Open VaishnaviChelagola opened 5 hours ago
Ensure the issue is not similar or previously being worked on.Thanks for your time
@VaishnaviChelagola , all the best please ensure to star the repo your contribution is highly appreciated
Thank You sir!!
Is this a unique feature?
Is your feature request related to a problem/unavailable functionality? Please describe.
The stock price prediction model currently uses "train_test_split" to randomly split data, which might not be the best method for time-series data. The sequential nature of time-series stock data is ignored by this approach, which may result in data leakage and inaccurate model evaluation.
Proposed Solution
In order to enable the model to split the data sequentially, I wanted to add "TimeSeriesSplit" from scikit-learn.

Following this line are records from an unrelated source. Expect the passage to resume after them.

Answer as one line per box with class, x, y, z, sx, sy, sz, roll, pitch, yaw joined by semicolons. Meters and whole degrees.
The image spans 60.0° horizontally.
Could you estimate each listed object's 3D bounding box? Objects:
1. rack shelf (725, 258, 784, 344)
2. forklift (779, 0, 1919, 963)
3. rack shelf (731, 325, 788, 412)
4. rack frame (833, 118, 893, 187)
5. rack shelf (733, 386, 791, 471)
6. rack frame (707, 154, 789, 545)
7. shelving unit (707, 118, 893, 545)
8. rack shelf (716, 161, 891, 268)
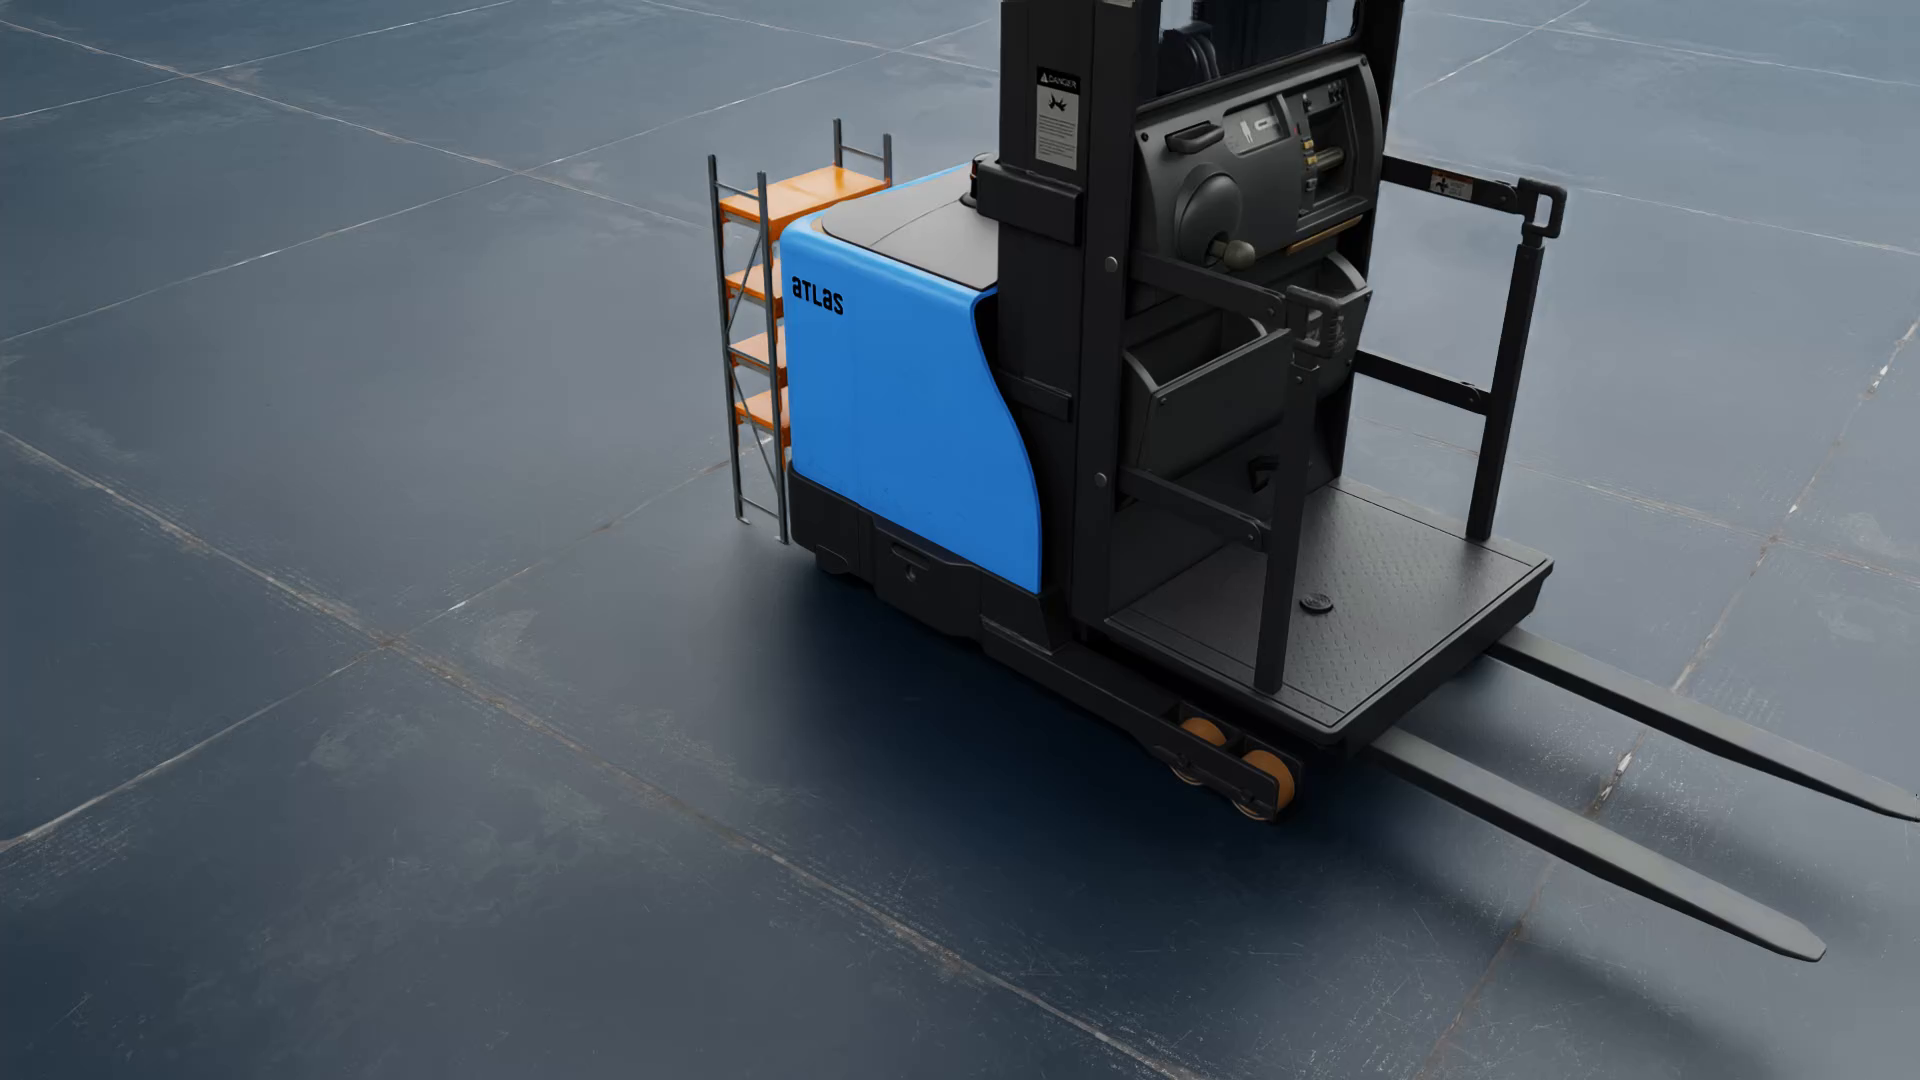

This approach maintains the temporal order by guaranteeing that training is done on past data and evaluation is done on future data.
Screenshots
No response
Do you want to work on this issue?
Yes
If "yes" to above, please explain how you would technically implement this (issue will not be assigned if this is skipped)
I'll change the dataset splitting procedure to make advantage of 'TimeSeriesSplit' and tweak the model training to accommodate multiple splits. In order to demonstrate how 'TimeSeriesSplit' enhances model performance on stock price data, I will also present comprehensive comparison metrics (such as RMSE and MAE) before and after the implementation. Steps: 1.Modify the data splitting logic to use TimeSeriesSplit. 2.Train the model on each split and calculate evaluation metrics. 3.Compare the results with the current random data split method. 4.Provide detailed documentation on how this feature improves the accuracy of predictions on time-series data.